Quecksilber ist dem Planeten Merkur zugeordnet, wie Gold der Sonne, Silber dem Mond, Eisen dem Mars, Kupfer der Venus, Blei dem Saturn, Zinn dem Jupiter. Der Stein der Weisen war - wie alle Metalle und Erden - beseelt wie Tiere und Pflanzen. Folglich mußte man den "Samen" der Metalle finden, um eines ins andere verwandeln zu können. Man glaubte, daß alle Metalle Schwefel und Quecksilber enthalten. Schwefel als Symbol für die Hölle und den Teufel, Quecksilber als flüchtiger Bestandteil, der gerne wandert - siehe Hermes, der auch Merkur heißt. Merkurius ist der Name für Quecksilber, es ist bei Zimmertemperatur flüssig. Das mußte den Alchemisten als etwas ganz Besonderes erscheinen. Deshalb waren sie überzeugt, daß man nur die Zusammensetzung der beiden ändern mußte, um ein anderes Metall zu bekommen.
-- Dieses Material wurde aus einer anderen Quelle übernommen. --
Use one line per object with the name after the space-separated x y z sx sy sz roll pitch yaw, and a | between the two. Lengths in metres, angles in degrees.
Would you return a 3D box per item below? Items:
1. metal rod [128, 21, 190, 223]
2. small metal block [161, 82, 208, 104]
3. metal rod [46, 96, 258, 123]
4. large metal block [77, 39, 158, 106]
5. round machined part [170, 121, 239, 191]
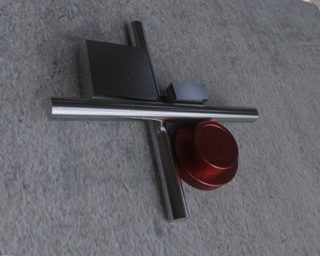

So sollte Gold aus einem großen Anteil Quecksilber und wenig Schwefel bestehen. Kupfer beispielsweise sollte beides in gleicher Menge enthalten. Den Philosophen zu Agrippa von Nettesheims Zeit (1486-1535) schien es logisch, daß die Welt und alle Himmelskörper eine Seele und auch Verstand haben müssen. Denn alles folgt einem wohlüberlegten Plan, nichts gleitet ab ins Chaos - es sei denn der Mensch greift allzustark ins Geschehen ein. Die Welt läßt sich berechnen, das stellten die Forscher jener Zeit fest. Die vier Essenzen Feuer Wasser Erde und Luft sowie das fünfte Element, die Quintessenz, spielten in einem fein geregelten Ablauf miteinander. Die Quintessenz (bei Bruce Willis und Milla Jovovich1997 war es schlicht: DIE LIEBE) belebt alle Körper, die Welt-Geistseele, die nie allein für sich existieren kann oder sichtbar wäre. Aber sie ist allgegenwärtig. Heute könnte man sagen, es ist die feinstoffliche Ebene, auf der ganzheitlichen Betrachtungsweisen zufolge alles mit allem in Verbindung steht. Wer aber die Quintessenz von der Materie der vier Essenzen zu lösen vermag, der besitzt die schöpferische Kraft Gottes (!). Dieser Stein der Weisen besitzt Zeugungskraft, und althistorische Göttinnen wie Isis, Demeter (Ceres), Hestia (Vesta) waren seine Sinnbilder. Hier noch ein passender Spruch:

Gott schläft im Stein
träumt im Tier
atmet in der Pflanze
und wacht im Menschen

In diesem Sinne: seid wach und geht sorgsam mit eurer Mitwelt um! Marieta Hiller, Oktober 2017

Zaubersprüche: uralte Magie der Zaubermärchen

Einst brauchte man starke Zaubersprüche, um Kontakt zu einem Drachen aufzunehmen. Solche Zaubersprüche kommen von ganz innen aus unserer Seele, wo es sehr wohl Drachen gibt! Deshalb begegnen wir den Drachen auch oft in Zaubermärchen. Das sind die ältesten Märchen die wir haben. Hatte man den richtigen Zauberspruch, oder ein Wünschelding, so konnte man jederzeit mit seinem Drachen sprechen und er beschützte uns! Zaubersprüche gehören zu unseren ältesten Ritualen, so gibt es die Merseburger Zaubersprüche aus dem 8. Jahrhundert, aber auch aus der Antike schon gibt es Zaubersprüche von Plinius d.Ä., von Marcellus und Pelagonius.